Tim Stinchcombe wrote:
> Hi list,
> 	I've been trying to establish the length of the sequence from a
> particular 4006 shift register setup. It is used in the Doepfer A-117, which
> is where I came across it; Ken Stone also uses it in his 'Digital Noise'
> module:
> 
> http://www.cgs.synth.net/modules/cgs31_digital_noise.html
> 
> and the earliest reference I've found to it so far is in a 1990 book by Ray
> Marston, 'Integrated Circuit and Waveform Generator Handbook'.
> 
> At first I thought the inverter in the feedback (middle 4030 gate in Ken's
> circuit above) would mean that the length of the sequence would be some what
> less than 2^18-1. Then in attempting to translate the gates into polynomials
> (if I've got it right) the inverting action seems to make the feedback
> non-linear, and so the normal theory of LFSRs no longer applies.
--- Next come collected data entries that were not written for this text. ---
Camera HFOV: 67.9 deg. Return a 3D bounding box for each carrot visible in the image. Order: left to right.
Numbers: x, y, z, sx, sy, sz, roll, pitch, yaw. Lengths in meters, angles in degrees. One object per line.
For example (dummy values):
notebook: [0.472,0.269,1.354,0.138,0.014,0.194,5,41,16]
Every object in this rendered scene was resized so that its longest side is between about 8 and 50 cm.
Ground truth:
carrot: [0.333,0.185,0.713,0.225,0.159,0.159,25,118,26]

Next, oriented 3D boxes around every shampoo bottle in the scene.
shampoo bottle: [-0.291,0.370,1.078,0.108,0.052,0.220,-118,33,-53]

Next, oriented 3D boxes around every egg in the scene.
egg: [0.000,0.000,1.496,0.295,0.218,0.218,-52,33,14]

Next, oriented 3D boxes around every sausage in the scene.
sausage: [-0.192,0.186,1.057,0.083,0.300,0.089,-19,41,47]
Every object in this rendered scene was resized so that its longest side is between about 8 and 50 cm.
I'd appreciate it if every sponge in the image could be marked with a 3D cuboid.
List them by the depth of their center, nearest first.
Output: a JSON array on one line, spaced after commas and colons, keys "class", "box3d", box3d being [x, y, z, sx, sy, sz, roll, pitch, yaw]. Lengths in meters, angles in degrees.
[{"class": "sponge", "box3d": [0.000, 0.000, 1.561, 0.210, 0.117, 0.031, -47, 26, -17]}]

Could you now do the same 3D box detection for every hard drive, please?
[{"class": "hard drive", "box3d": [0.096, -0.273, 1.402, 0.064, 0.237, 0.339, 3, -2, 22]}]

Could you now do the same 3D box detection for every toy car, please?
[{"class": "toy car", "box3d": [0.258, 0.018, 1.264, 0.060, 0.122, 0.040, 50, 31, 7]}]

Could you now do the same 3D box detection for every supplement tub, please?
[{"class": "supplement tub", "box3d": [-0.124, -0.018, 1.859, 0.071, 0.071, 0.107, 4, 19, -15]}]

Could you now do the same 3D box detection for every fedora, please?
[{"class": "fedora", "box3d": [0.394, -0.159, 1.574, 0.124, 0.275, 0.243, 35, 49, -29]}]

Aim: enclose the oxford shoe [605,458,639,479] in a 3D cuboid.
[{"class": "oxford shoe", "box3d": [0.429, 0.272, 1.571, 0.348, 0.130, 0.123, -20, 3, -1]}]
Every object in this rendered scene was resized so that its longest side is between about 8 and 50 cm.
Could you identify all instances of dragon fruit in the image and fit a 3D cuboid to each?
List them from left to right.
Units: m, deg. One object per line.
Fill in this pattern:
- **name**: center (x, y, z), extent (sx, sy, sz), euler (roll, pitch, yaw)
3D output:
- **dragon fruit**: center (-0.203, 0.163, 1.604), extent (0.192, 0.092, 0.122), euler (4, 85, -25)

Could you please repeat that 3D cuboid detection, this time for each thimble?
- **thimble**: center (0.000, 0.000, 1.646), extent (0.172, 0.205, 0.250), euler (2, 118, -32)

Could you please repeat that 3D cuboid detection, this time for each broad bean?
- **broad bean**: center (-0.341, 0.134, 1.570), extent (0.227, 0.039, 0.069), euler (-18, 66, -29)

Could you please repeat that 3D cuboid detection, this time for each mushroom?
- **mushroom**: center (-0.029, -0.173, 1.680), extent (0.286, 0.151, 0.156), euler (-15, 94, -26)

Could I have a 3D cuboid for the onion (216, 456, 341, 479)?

So I
> 'captured' a few bit sequences on my scope (the longest being 59 bits), and
> ran it through the Berlekamp-Massey algorithm, which appears to say that the
> length of the minimum *linear* feedback shift register which could generate
> this sequence is actually 19 stages, i.e. one more than the 18 available in
> the 4006! I'm hoping that this 'anomaly' *is* due to the non-linearity...
> 
> Has anyone done any analysis of this or similar circuits, i.e. with an
> inverter in the feedback? Or if anyone steer me in the right direction, or
> toward a decent analysis of this circuit, then I'd appreciate it. (I can't
> find anything similar in Electronotes; not much seems to turn up in the
> Synth DIY archives; but I note the EDP Wasp and Gnat use similar circuits,
> but with a different arrangement of taps and inverter.)
> 
> Cheers,
> 	Tim
> 
> P.S. I have a copy of Golomb's 'Shift Register Sequences', but I'm kinda
> hoping to get at least a semi-cogent sense of what is happening without
> resorting to 3 months hard graft...

Interesting little problem. I don't quite understand why the inversion 
in the feedback calculation would make the sequence non-linear (not even 
sure what non-linear means in this sense) - seems to me that it just 
gives you a different sequence. Looking through the circuit explanation 
on Ken's site it's obvious that it's just there to insert a transient 
into the register to get it going - the RC time constant is kind of like 
a reset pulse.

Not being much for theoretical approaches I cranked out a quick C 
program to measure the length of the sequence. After a few milliseconds 
of execution time it came up as 262140 - 4 less than 2^18.

Here's the C code:

#include <stdio.h>

int main(int argc, char **argv)
{
	unsigned long sr, newbit;
	unsigned long cnt;

	cnt = 0;

	sr = 1;

	do
	{
		newbit = (sr >> 8) ^ ~((sr >> 4) ^ (sr >> 17));
		sr = (sr << 1) | (newbit & 1);
		cnt++;
	}
	while((sr & 0x3ffff) != 1);

	printf("Count = %d\n", cnt);
}

So it seems your initial instinct that the inversion just shortens the 
sequence was correct. Now if you want firm theoretical reason _why_ that 
is then you'll have to stick t' yer book larnin'. :)

Interestingly enough, removing the inversion shortens the sequence to 
2^17-2. Using different start/end criteria can lead to degenerate cases 
with shorter lengths as well. Odd...

Eric